A la première occasion qui suivit cette visite, c'est. à-dire le 5 décembre, jour où les Kabyles, au nombre d'environ 2,500, parurent dans la plaine et sur les hauteurs de Demous, le commandant supérieur sortit avec 1200 hommes, fit charger tout ensemble la cavalerie et l'infanterie, et poussa l'ennemi jusqu'au fond de la plaine, pendant plus d'une lieue. On s'arrêta sur le gradin inférieur du col de Thisi, et la rentrée en ville s'opéra sans qu'aucun ennemi parut.

Trois jours après, l'initiative vint de nous : notre colonne traversa la plaine et fit de l'autre côté une reconnaissance des deux rives de la Summam. Les habitants surpris, s'enfuirent de toutes parts ; mais on négligea de frapper leurs habitations les plus proches, et l'on se remit en marche sur Bougie après une simple inspection des lieux. Ce mouvement exécuté avec lenteur, puisqu'on ne rentra qu'à la nuit, détermina tous les 

    

 

   
guerriers kabyles à venir engager sur nos derrières une vive fusillade. 

Toutefois, comme la retraite en échelons s'effectuait avec ordre et sous la protection de l'artillerie, on n'eût éprouvé presqu'aucune perte sans la méprise de deux compagnies du bataillon d'Afrique, qui se compromirent elles-mêmes. Malgré tout, il n'y eut que vingt-deux blessés ; l'ennemi en compta davantage, et d'ailleurs un grand résultat était atteint , celui de faire comprendre que tous les villages kabyles situés dans un rayon de plusieurs lieues, se trouvaient réellement à notre discrétion.

Malheureusement, les choses ne furent pas vues ainsi d'Alger : l'opération y fut peu accueillie, comme trop excentrique et n'ayant pas un but assez déterminé. Ce jugement sévère dut empêcher d'autres tentatives analogues.
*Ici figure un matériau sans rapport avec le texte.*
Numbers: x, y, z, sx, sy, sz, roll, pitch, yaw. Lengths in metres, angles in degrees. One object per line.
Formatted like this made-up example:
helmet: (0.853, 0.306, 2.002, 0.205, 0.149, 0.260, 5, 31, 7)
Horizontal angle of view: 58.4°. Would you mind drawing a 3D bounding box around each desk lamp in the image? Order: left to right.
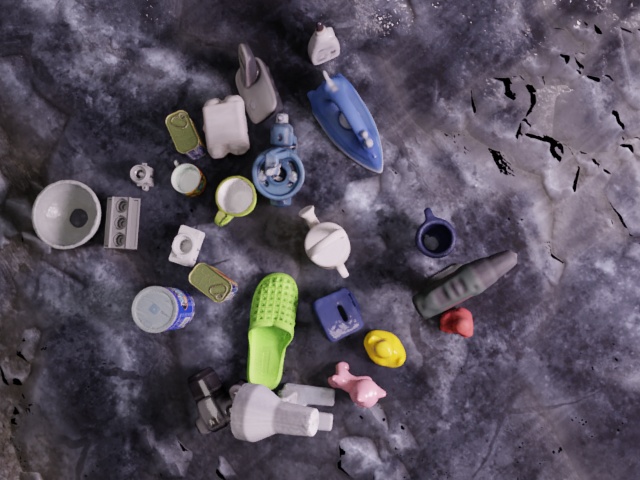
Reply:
desk lamp: (-0.074, 0.372, 1.242, 0.203, 0.213, 0.118, 4, 85, 4)

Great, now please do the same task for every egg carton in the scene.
egg carton: (-0.228, -0.273, 1.385, 0.107, 0.069, 0.150, -9, 84, 3)

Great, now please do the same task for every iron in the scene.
iron: (0.074, -0.276, 1.332, 0.118, 0.141, 0.258, -34, 84, 0)

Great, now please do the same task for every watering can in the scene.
watering can: (0.010, 0.006, 1.282, 0.173, 0.194, 0.101, 36, 88, 6)

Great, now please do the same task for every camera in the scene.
camera: (-0.235, 0.357, 1.309, 0.143, 0.101, 0.137, -29, 83, 0)

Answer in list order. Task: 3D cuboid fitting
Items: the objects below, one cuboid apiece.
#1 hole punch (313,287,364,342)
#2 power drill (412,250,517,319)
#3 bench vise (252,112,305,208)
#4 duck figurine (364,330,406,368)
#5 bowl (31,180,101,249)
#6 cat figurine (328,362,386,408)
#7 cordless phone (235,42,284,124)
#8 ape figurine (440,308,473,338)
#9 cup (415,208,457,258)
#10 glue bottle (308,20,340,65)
hole punch: (0.043, 0.169, 1.316, 0.101, 0.091, 0.108, -26, 83, 1)
power drill: (0.304, 0.093, 1.249, 0.229, 0.208, 0.075, -31, 83, 0)
bench vise: (-0.106, -0.188, 1.294, 0.121, 0.220, 0.207, -15, 84, 2)
duck figurine: (0.148, 0.250, 1.305, 0.104, 0.086, 0.077, 37, 88, 6)
bowl: (-0.598, -0.058, 1.383, 0.167, 0.075, 0.167, 0, 84, 3)
cat figurine: (0.080, 0.332, 1.285, 0.127, 0.118, 0.067, 26, 87, 6)
cordless phone: (-0.153, -0.365, 1.331, 0.094, 0.185, 0.147, -25, 83, 1)
ape figurine: (0.316, 0.191, 1.298, 0.076, 0.092, 0.078, -43, 83, -1)
cup: (0.258, -0.013, 1.319, 0.091, 0.095, 0.118, -17, 84, 2)
glue bottle: (0.005, -0.468, 1.338, 0.078, 0.173, 0.037, -22, 83, 1)

On ne peut s'empêcher de remarquer ici l'influence des temps : aujourd'hui de semblables démonstrations encourraient le reproche contraire, celui d'une excessive timidité ; aujourd'hui l'on s'étonnerait qu'une garnison pouvant mettre habituellement 5,000 hommes sous les armes, fût serrée de si près par des tribus kabyles qui même dans leurs plus forts rassemblements, ne lui auraient jamais opposé plus de 4,000 à 4,500 fusils.

Les mois de janvier, février, mars 1835, ne furent signalés par aucun évènement militaire. Un hiver rigoureux paralysait de chaque côté toutes les résolutions, et ce fut seulement au 1er mars, que le colonel Duvivier trahit sa volonté persévérante de dominer la plaine, par un grand déboisement qu'il ordonna jusque vers les hauteurs du col, et par l'ouverture d'un grand nombre de passages dans les ravins ou les fourrés. Au reste, les projets que semblaient annoncer de semblables préparatifs, restèrent ignorés, car un incident imprévu vint mettre fin au commandement de cet officier.